Collateralized Financing Obligations

In November 2011 and June 2012 the Company transferred two container portfolios for $10.0 million and one container portfolio for $17.2 million, respectively, to Japanese investor funds while concurrently entering into lease agreements for the same containers, under which the Company will lease the containers back from the Japanese investors.  In accordance with ASC 840, Sale-Leaseback Transactions, the Company concluded these were financing transactions under which sale-leaseback accounting was not applicable.

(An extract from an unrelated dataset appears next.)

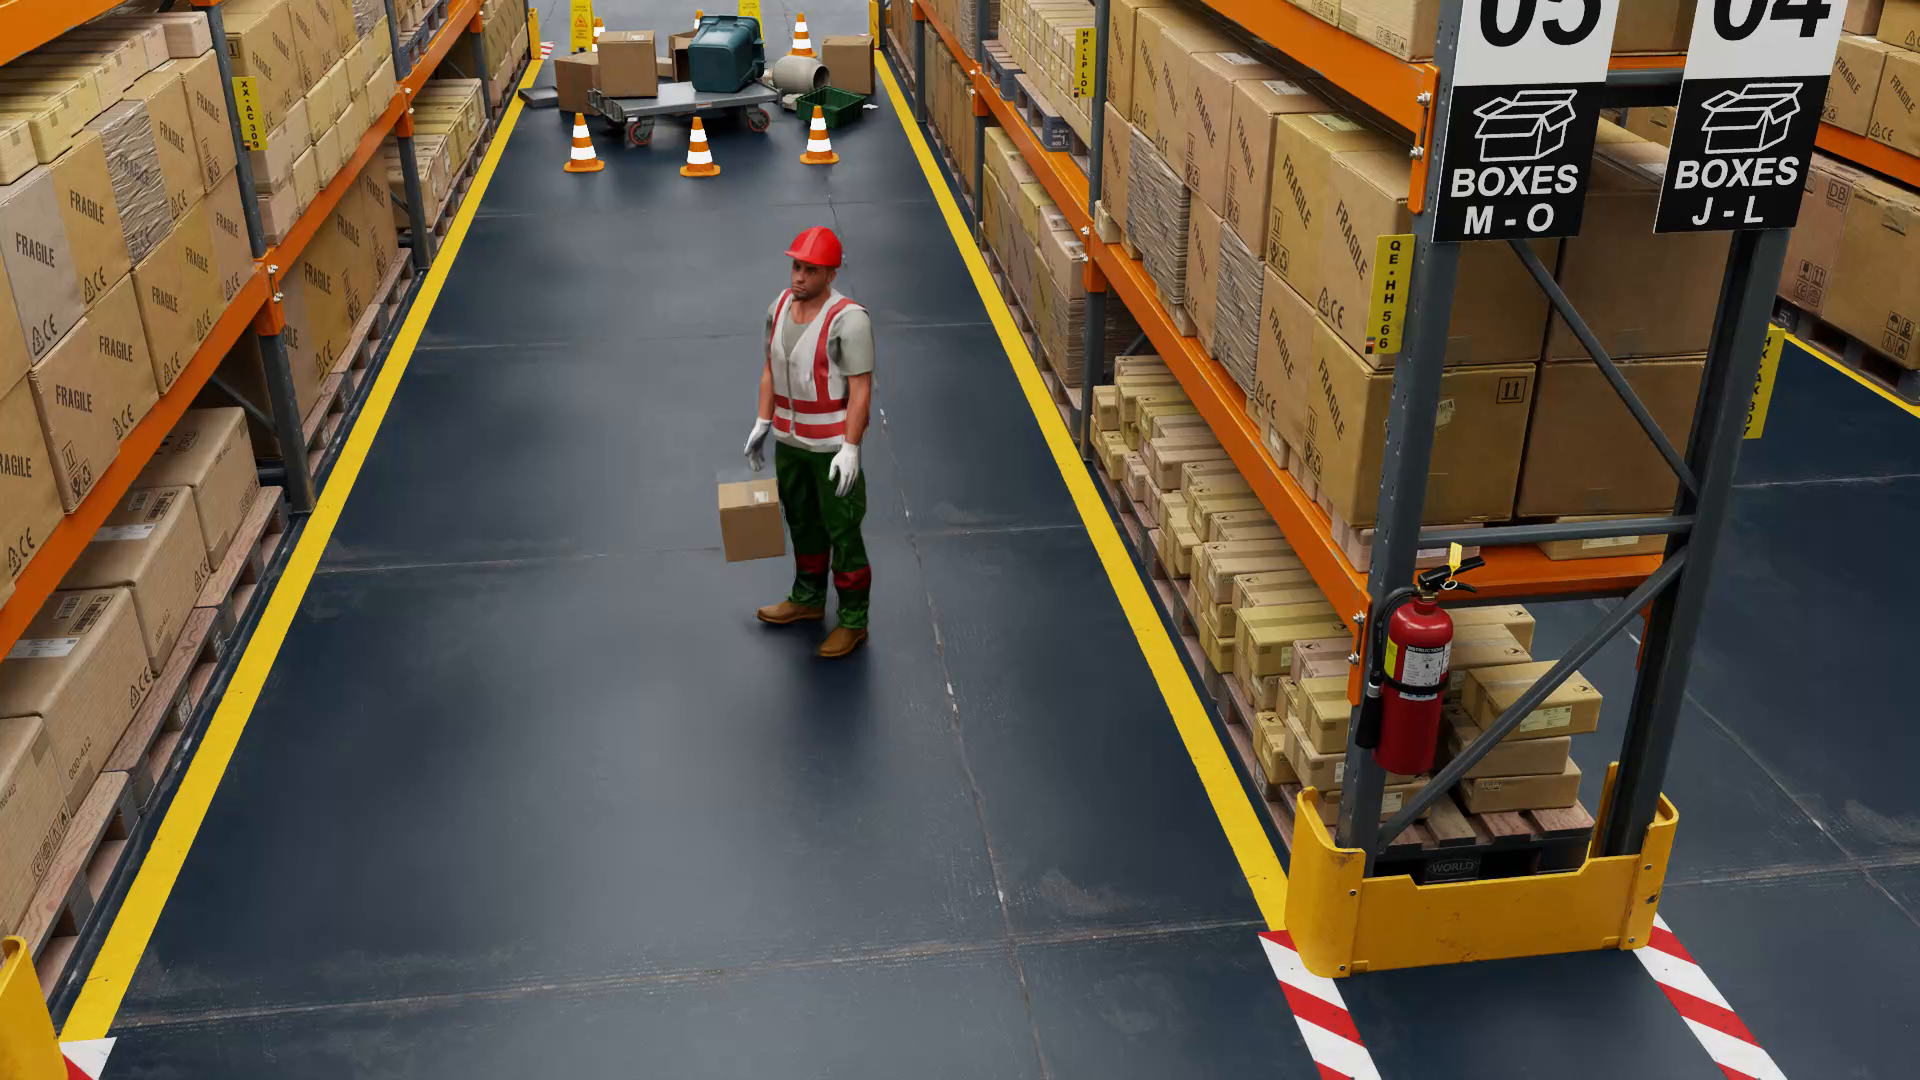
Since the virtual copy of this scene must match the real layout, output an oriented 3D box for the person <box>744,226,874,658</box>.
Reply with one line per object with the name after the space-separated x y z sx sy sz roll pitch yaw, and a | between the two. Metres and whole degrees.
-0.604 -0.394 6.811 0.614 1.798 0.400 20 33 35 | person
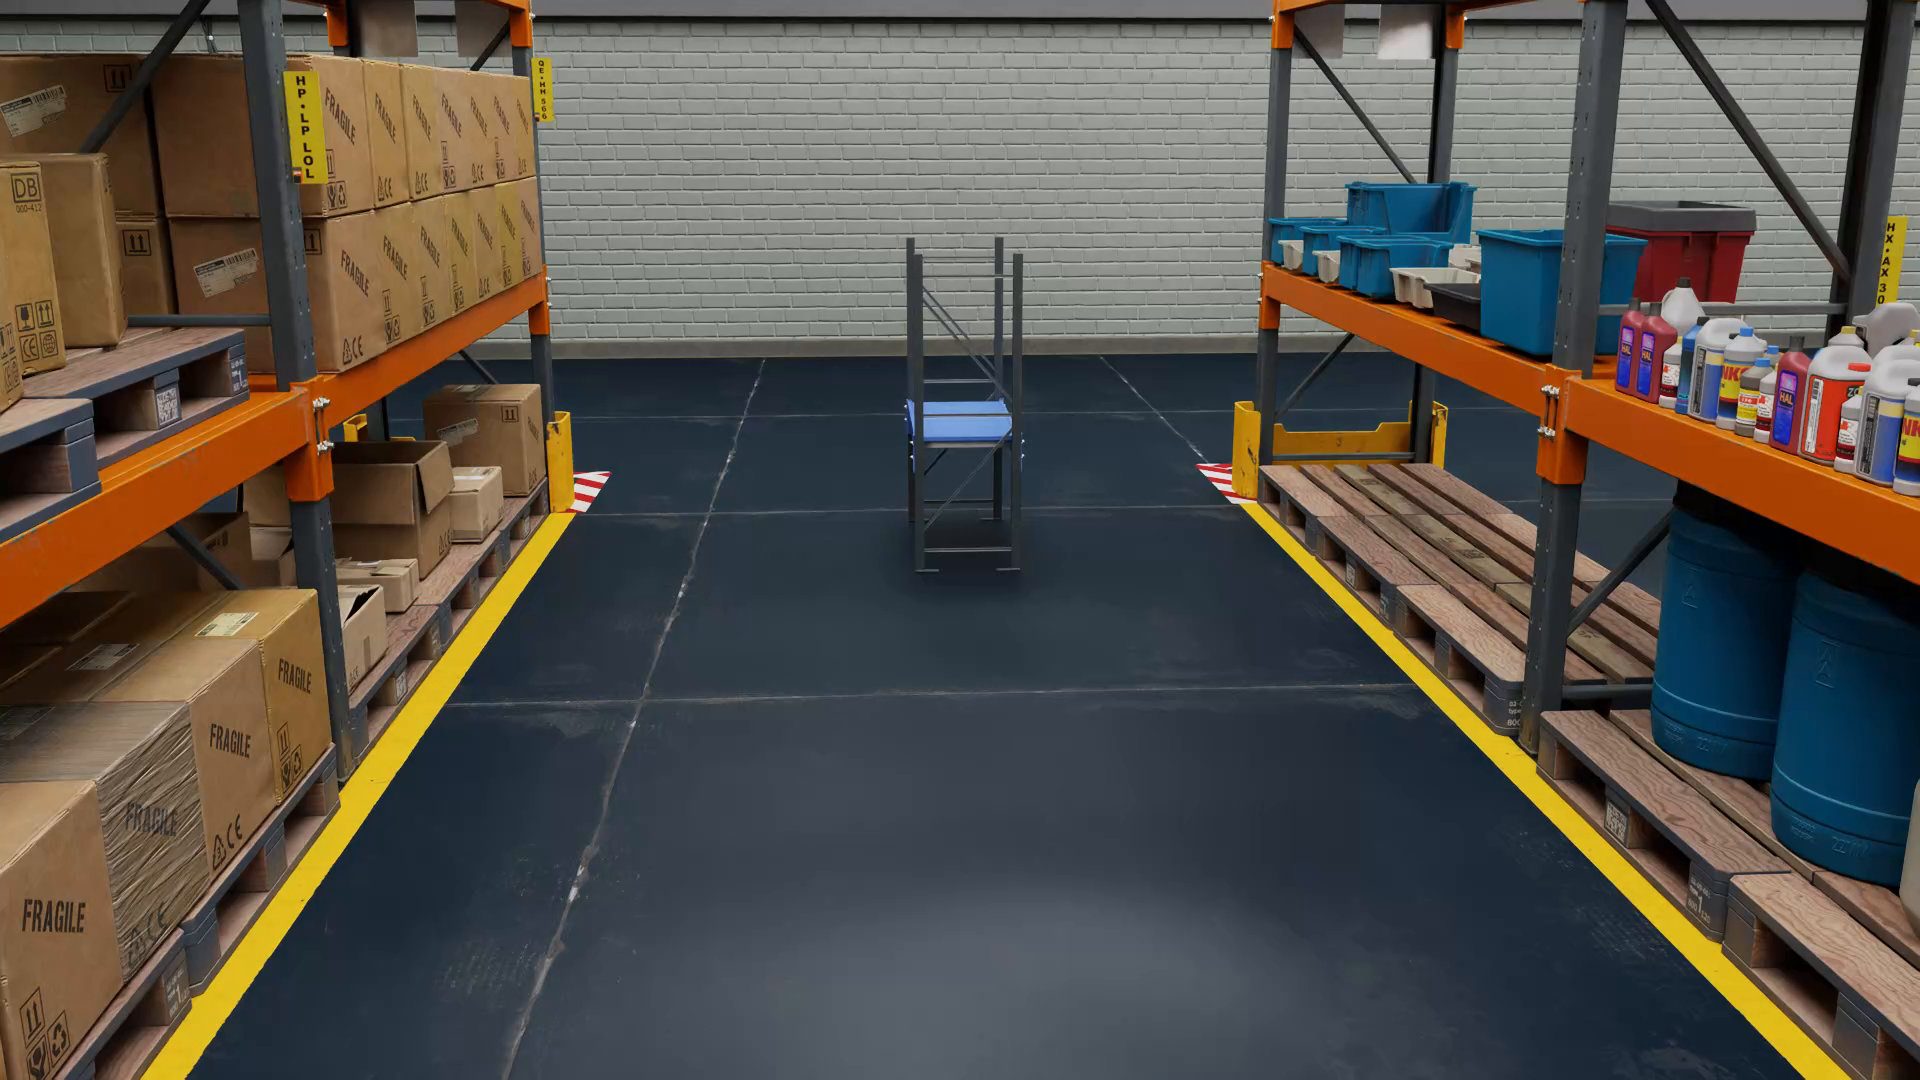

The container funds under financing arrangements are considered VIEs under ASC 810 because as lessee of the funds, the Company has the power to direct the activities that most significantly impact the entity's economic performance including the leasing and managing the containers owned by the funds. The terms of the transactions include options for the Company to purchase the containers from the funds at a fixed price. As a result of the residual interest resulting from the fixed price call option, the Company concluded that it may absorb a significant amount of the variability associated with the funds' anticipated economic performance and as a result the Company has a variable interest in the funds. As the Company has the power to direct the activities that most significantly impact the economic performance of the VIEs and the variable interest provides the Company with the right to receive benefits from the entity that could potentially be significant to the funds, the Company determined that it is the primary beneficiary of these VIEs and included the VIEs' assets and liabilities as of June 30, 2012 and December 31, 2011 and the cash flows of the VIEs for the six months ended June 30, 2012 in the Company's consolidated financial statements.
 
The containers transferred to the consolidated VIEs under financing arrangements had a net book value of $26.2 million as of June 30, 2012. The container equipment has been included on the Company's consolidated balance sheet with the offsetting debt related to the funds presented separately as collateralized financing obligations of $26.8 million in the debt section of the Company's consolidated balance sheet as of June 30, 2012. No gain or loss was recognized upon the initial consolidation of the VIEs in November 2011 or June 2012. As of December 31, 2011, the debt related to the collateralized financing obligations was included in capital lease obligations in the accompanying balance sheet.